It is important to note in these diagrams that perf(r) is modeled as sqrt(r). The single 256 resource unit core on the right really only achieves performance 16x that of the 256 single resource unit cores on the left. The total computing power of the 256 single resource unit cores is thus 16x higher than that of the single 256 resource unit core, however performance is limited by the parallelizability of the programs being modeled.

squidrice

The diagrams in this slide show the change of performance in terms of speedup, not latency. It is incorrect to say with a higher $r$, the red line drops because speedup is measured with respect to the speed of one single core. The absolute speed here is related to both speedup and single-core speed. Note that a higher $r$ actually improves the speed of one core. Thus, it may not be very obvious without a derivation (I hope I made it correct).
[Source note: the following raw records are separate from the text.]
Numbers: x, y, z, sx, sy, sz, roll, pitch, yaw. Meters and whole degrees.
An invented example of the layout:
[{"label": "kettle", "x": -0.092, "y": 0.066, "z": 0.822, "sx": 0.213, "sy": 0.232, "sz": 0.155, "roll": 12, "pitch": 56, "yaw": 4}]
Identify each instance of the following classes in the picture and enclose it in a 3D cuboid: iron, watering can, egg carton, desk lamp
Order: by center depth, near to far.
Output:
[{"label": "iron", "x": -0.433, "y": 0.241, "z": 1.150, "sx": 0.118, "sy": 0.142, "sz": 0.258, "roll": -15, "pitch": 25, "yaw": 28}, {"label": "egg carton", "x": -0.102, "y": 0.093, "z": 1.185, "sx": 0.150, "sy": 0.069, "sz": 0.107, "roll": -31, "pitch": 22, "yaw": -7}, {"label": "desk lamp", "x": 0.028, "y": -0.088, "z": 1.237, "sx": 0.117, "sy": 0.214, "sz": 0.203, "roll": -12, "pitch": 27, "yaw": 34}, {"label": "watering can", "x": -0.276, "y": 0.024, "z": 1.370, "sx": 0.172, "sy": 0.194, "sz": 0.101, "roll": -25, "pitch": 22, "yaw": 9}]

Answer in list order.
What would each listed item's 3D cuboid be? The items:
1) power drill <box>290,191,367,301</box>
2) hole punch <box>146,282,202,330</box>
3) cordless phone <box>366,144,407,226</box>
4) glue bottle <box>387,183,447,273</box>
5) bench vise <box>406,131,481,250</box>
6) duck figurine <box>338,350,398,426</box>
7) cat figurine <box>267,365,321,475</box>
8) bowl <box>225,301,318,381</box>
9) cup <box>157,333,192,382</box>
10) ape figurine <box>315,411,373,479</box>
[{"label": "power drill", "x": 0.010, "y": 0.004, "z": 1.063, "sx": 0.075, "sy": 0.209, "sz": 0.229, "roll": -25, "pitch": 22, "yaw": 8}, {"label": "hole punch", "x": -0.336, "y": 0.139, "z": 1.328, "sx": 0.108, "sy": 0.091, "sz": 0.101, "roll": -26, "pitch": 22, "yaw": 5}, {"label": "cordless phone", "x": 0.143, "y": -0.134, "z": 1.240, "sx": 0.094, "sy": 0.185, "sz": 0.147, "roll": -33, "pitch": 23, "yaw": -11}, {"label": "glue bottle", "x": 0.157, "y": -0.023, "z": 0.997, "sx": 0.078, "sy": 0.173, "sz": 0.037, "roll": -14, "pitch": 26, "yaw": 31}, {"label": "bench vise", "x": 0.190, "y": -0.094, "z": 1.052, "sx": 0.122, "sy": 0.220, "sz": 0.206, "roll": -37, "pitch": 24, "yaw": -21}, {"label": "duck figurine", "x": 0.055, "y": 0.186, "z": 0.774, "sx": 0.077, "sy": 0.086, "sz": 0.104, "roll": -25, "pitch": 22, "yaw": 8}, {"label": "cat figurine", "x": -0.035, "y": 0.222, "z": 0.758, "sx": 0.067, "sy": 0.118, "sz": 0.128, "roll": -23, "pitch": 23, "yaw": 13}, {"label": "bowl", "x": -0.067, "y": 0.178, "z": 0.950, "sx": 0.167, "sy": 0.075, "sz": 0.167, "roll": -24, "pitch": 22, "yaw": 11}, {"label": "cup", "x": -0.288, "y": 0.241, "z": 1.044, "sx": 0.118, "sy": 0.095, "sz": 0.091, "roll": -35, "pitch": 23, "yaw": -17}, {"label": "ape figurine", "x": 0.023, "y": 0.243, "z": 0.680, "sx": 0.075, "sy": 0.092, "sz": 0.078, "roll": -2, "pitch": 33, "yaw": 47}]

Let $perf(r)$ defined as $ \sqrt{r} $.

$$ speedup(f, n, r) = \frac{1}{\frac{1 - f}{\sqrt{r}} + \frac{f\sqrt{r}}{n}}. $$

Thus, the absolute speed could be expressed as

$$ speed(f, n, r) = speedup(f, n, r) \times perf(r) = \frac{nr}{(1 - f)n + fr}. $$

Take derivative in terms of $r$.

$$ speed(f, n, r)' = \frac{n^2(1 - f)}{((1 - f)n + fr)^2} > 0. $$

Note that this derivative is greater than zero but decreasing when $r$ increases. Therefore, we get better speed with larger $r$, but the difference between multiple threads and a single thread becomes less remarkable.

Dave

You would expect relative speedup to increase with fewer, "fatter" cores when less of the code is parallelizable (blue line) because the resources can then be put toward things like dedicated instruction hardware and branch predictors that enhance single-threaded performance.